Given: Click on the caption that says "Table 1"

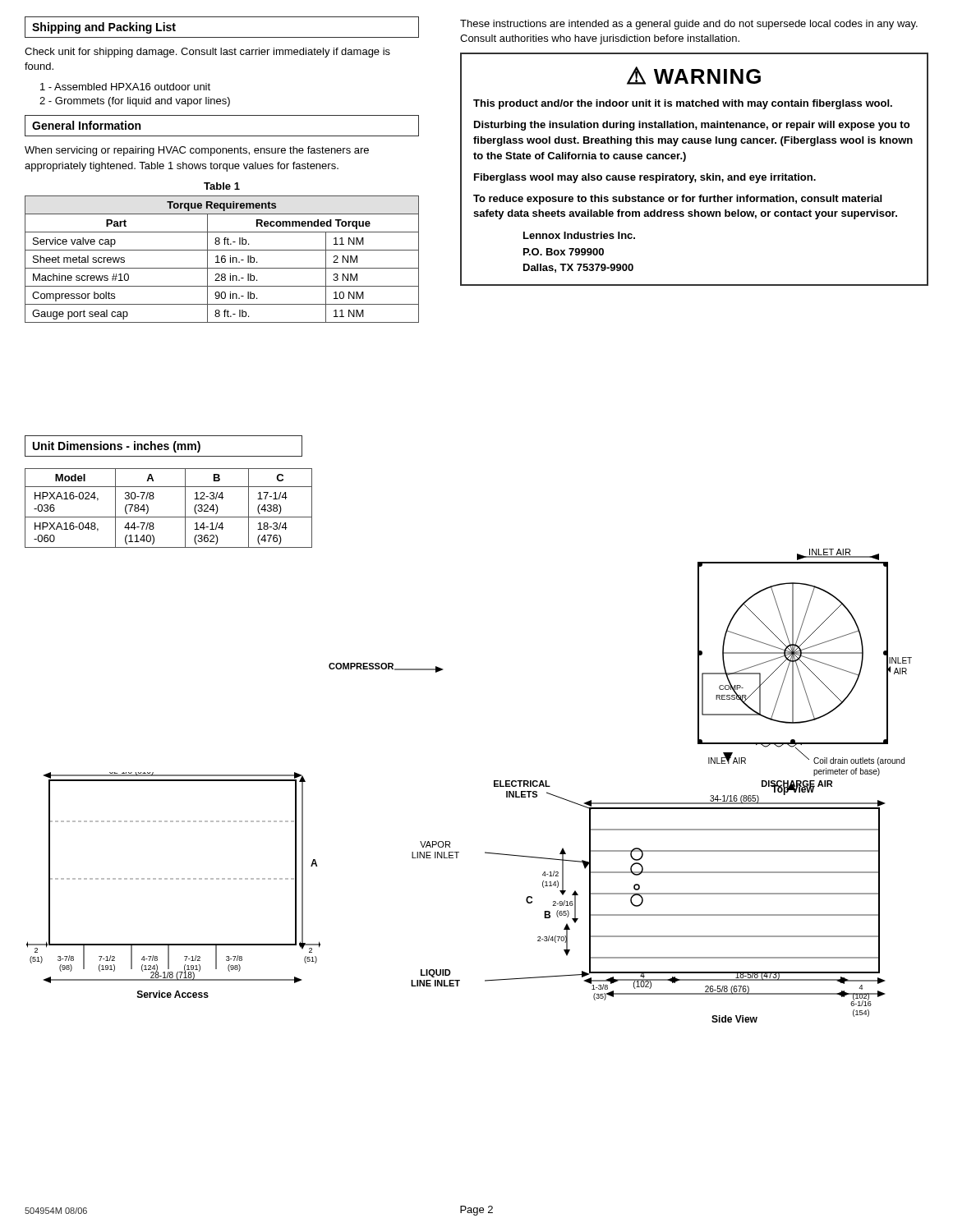Looking at the screenshot, I should (x=222, y=186).
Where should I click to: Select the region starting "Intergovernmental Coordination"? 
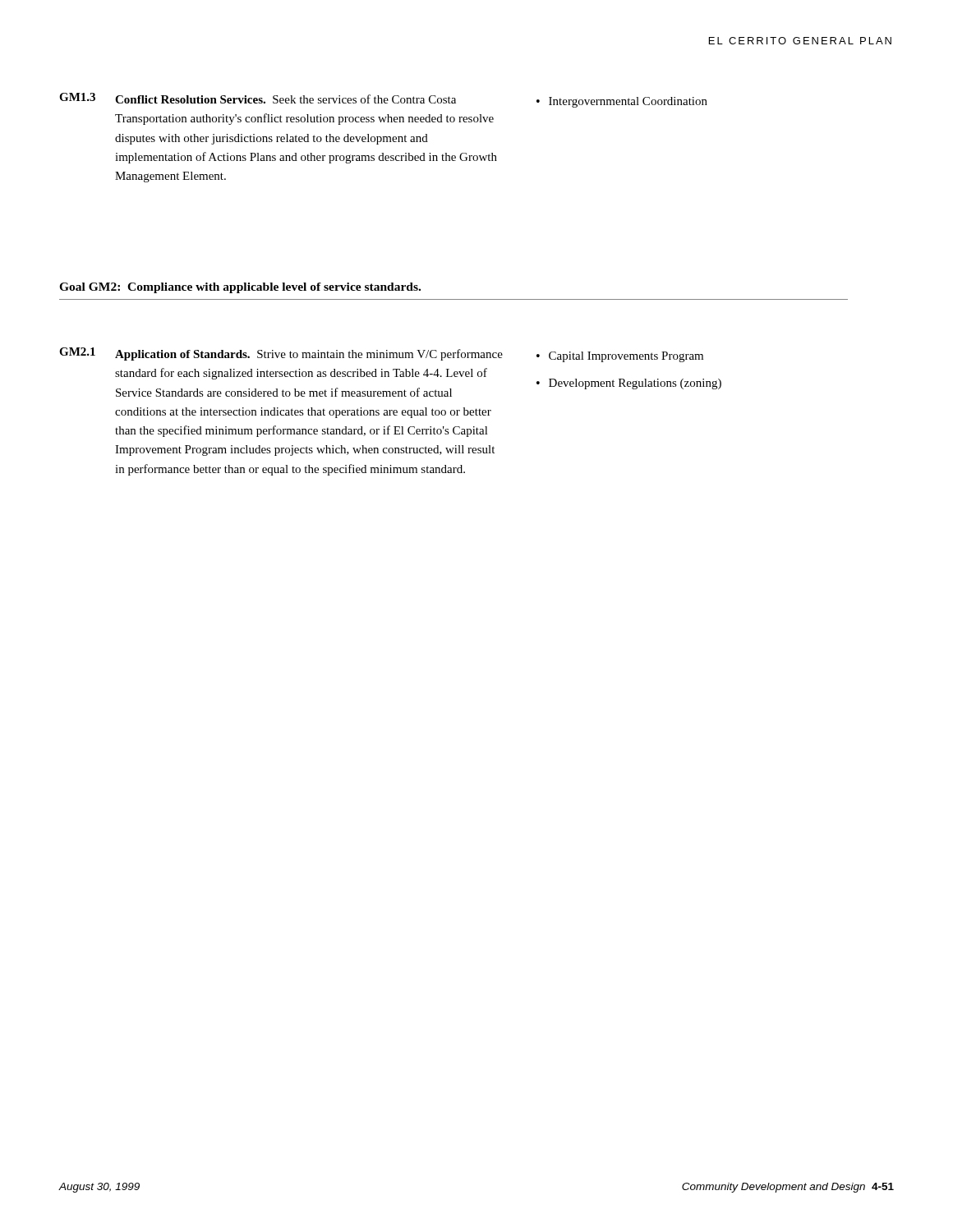pyautogui.click(x=628, y=101)
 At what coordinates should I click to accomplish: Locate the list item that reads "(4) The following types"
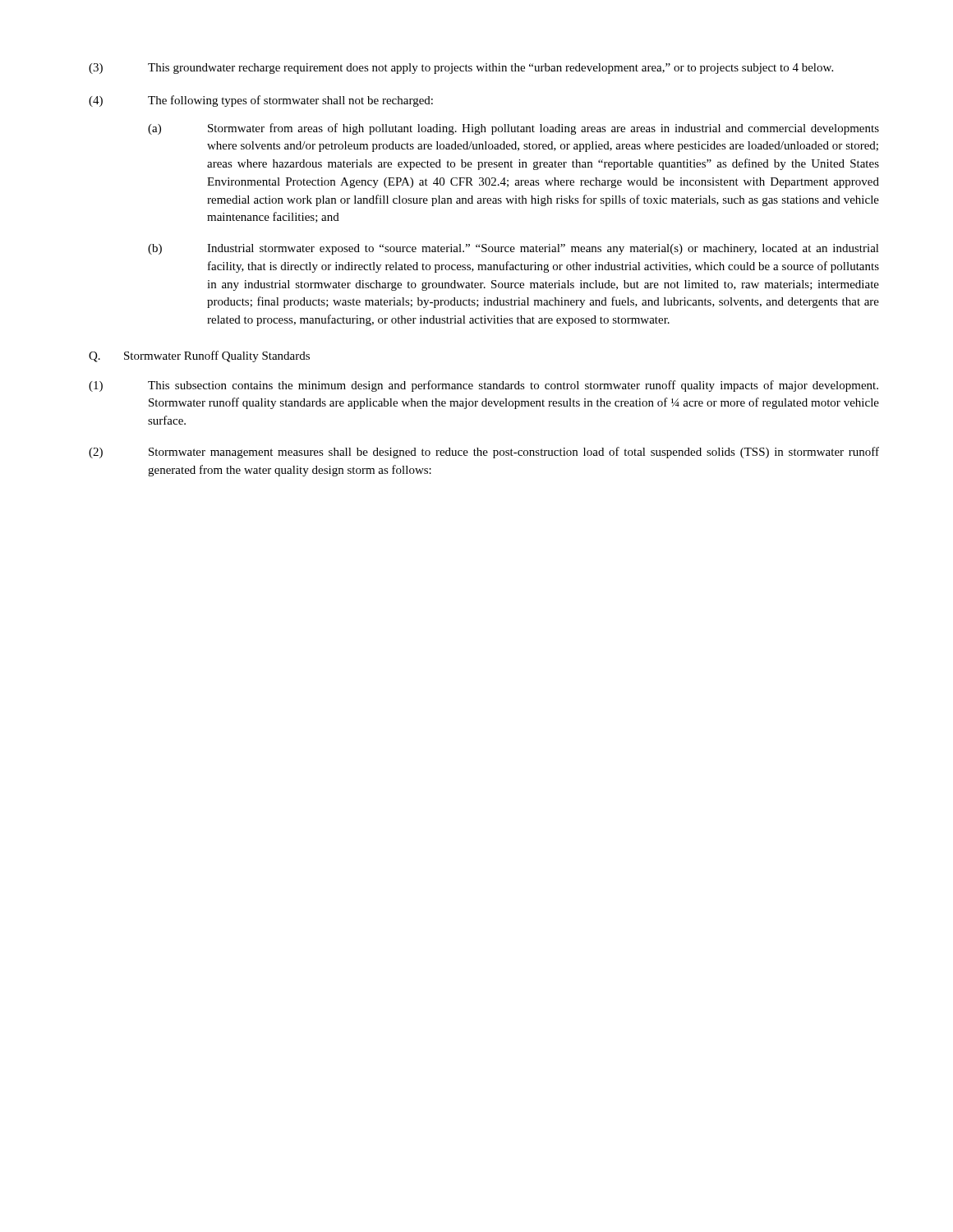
==============================
AIM OF THE TASK:
Repeat the material exactly and drop each image.

EXERCISE ANSWER:
Given: Click on the caption that says "Table 1"

Looking at the screenshot, I should (x=222, y=186).
Where should I click to: Select the region starting "Intergovernmental Coordination"? 
pyautogui.click(x=628, y=101)
 At what coordinates should I click to accomplish: Locate the list item that reads "(4) The following types"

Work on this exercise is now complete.